What is a labor dispute
In socialist economics: Measures to disrupt work processes in order to achieve economic and political goals.
The aim of labor disputes is primarily to improve working and living conditions (especially wage increases and reduced working hours). but also the defense of democratic rights. > Lockout. > Strike
In economic sociology: general term for collective conflict actions between the management of companies or administrations (or their supraregional interest groups) and the workers and employees (or their union or other interest groups); they are carried out openly - through strikes, factory occupations, lockouts, etc.
last, legally permissible means of enforcing or defending against collective bargaining demands. It represents a disruption of working life that emanates from the employee or employer side in order to achieve or prevent a collective agreement on wages and / or working conditions through economic pressure on the social opponent (collective bargaining). Strikes and lockouts are the most popular forms of industrial action. Both the trade unions and the employers suffer economic damage: the strike fees for the members of the trade unions are based on the contributions made, membership time and marital status; the lost sales of the company together with the still incurred fixed costs as well as possible contractual penalties for non-fulfillment of delivery contracts represent considerable financial burdens for the employer.

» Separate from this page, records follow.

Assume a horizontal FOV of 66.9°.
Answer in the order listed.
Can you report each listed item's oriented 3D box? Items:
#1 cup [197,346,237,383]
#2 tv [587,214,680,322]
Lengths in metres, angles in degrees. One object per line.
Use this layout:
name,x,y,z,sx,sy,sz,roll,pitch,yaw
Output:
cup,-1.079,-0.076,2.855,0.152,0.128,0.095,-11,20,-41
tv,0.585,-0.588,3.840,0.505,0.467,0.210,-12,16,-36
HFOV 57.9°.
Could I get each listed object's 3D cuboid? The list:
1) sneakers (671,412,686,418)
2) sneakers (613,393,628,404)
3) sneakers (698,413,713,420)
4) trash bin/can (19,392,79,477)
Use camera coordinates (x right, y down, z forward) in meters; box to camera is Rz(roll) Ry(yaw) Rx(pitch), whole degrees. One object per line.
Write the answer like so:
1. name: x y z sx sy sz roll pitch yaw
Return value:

Literature: Weigand, H./Wohlgemuth, HH, industrial action, strike and lockout in the Federal Republic of Germany, Cologne 1980.

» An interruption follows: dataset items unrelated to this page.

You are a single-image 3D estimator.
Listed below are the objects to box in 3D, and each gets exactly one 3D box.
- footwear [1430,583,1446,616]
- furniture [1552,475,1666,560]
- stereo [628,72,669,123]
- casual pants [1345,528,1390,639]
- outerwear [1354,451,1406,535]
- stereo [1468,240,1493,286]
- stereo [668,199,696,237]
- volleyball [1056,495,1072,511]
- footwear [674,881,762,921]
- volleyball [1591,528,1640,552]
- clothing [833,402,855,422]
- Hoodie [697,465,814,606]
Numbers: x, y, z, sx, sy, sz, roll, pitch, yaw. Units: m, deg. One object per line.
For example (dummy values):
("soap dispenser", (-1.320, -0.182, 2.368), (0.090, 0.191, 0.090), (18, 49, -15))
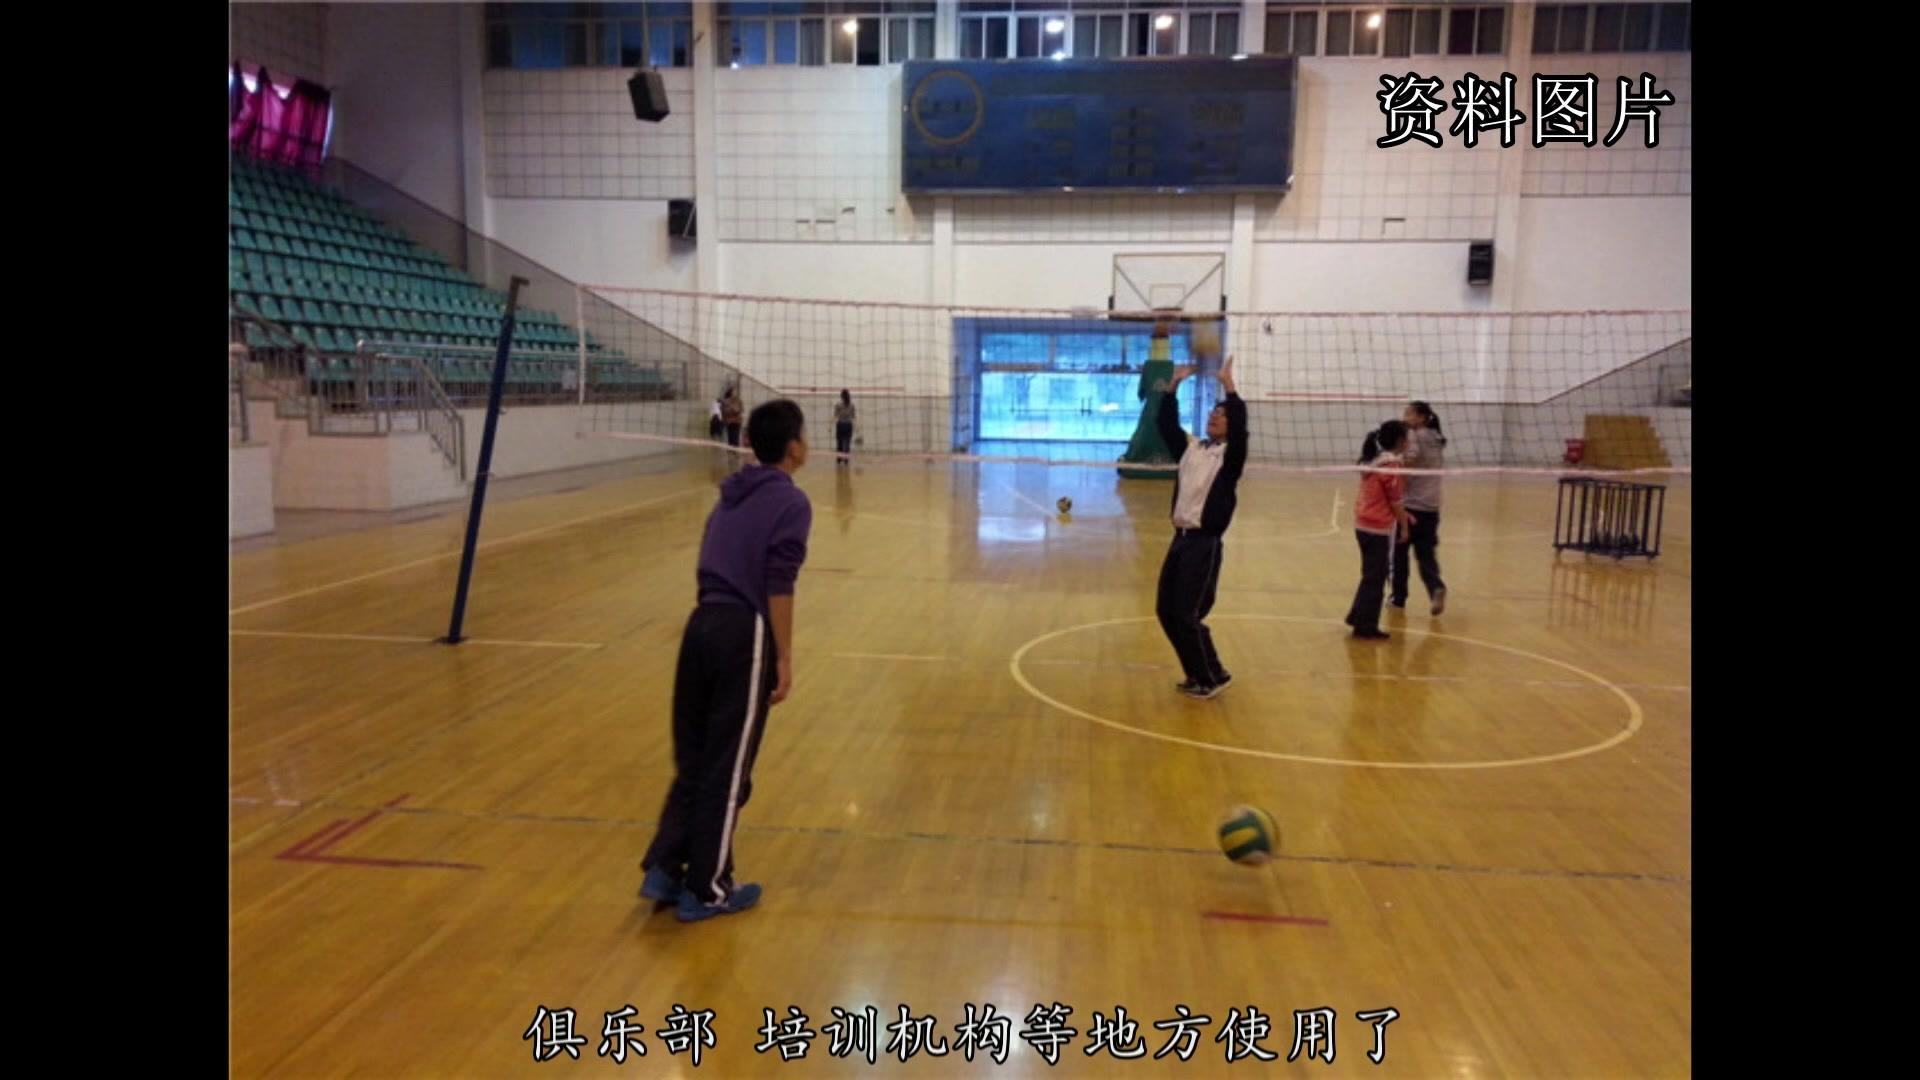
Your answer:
("footwear", (4.346, 0.558, 10.716), (0.109, 0.281, 0.128), (7, -24, -7))
("furniture", (7.706, -0.223, 13.973), (1.095, 0.767, 0.612), (3, 14, -4))
("stereo", (-4.438, -6.419, 16.787), (0.428, 0.723, 0.725), (-3, 10, -8))
("casual pants", (3.555, 0.370, 10.268), (0.327, 0.977, 0.548), (2, 11, 18))
("outerwear", (3.555, -0.389, 9.965), (0.375, 0.681, 0.362), (2, 11, 18))
("stereo", (8.705, -4.609, 19.632), (0.432, 0.745, 0.353), (2, 11, 15))
("stereo", (-5.100, -5.984, 21.750), (0.447, 0.786, 0.437), (11, 27, 6))
("volleyball", (1.473, -0.491, 16.400), (0.217, 0.130, 0.271), (1, 8, 3))
("footwear", (-1.272, 1.910, 6.283), (0.450, 0.193, 0.159), (-8, 11, -16))
("volleyball", (7.391, 0.061, 13.268), (0.357, 0.165, 0.367), (1, 3, 40))
("clothing", (-1.943, -2.138, 19.861), (0.470, 0.415, 0.251), (2, 24, 0))
("Hoodie", (-1.072, -0.005, 6.118), (0.570, 0.736, 0.322), (-2, 11, -5))

Exercise of collective pressure by employees or employers on the social opponent to enforce a regulation of working and economic conditions (collective agreement). The most important combat measure on the part of the employees is the strike, which can occur in various forms (warning strike, focus strike, go-slow strike) and in which the collective withholding of work causes disruptions in the operational process that make it difficult or even impossible to continue operations. In contrast, the employer's most important weaponry is the lockout, by means of which a labor dispute can be started ("attack lockout") or which serves to defend against strike measures ("defensive lockout") and by which employees who are willing to work are systematically prevented from performing their work by keeping away from the business premises which at the same time leads to a loss of their entitlement to remuneration. Waging a labor dispute is part of the freedom of association (labor law) enshrined in Article 9 (3) of the Basic Law and entitles - as long as the labor dispute is lawful and the weaponry is appropriate - to conscious and targeted damage to the social opponent without being exposed to claims for damages. See also labor law (with references).
Literature: Hromadka, W .; Maschmann, F .: Labor Law, Volume 2 Collective Labor Law and Labor Disputes, 3rd Edition, Prize, U .: Labor Law Practical Textbook on Collective Labor Law, Cologne 2003.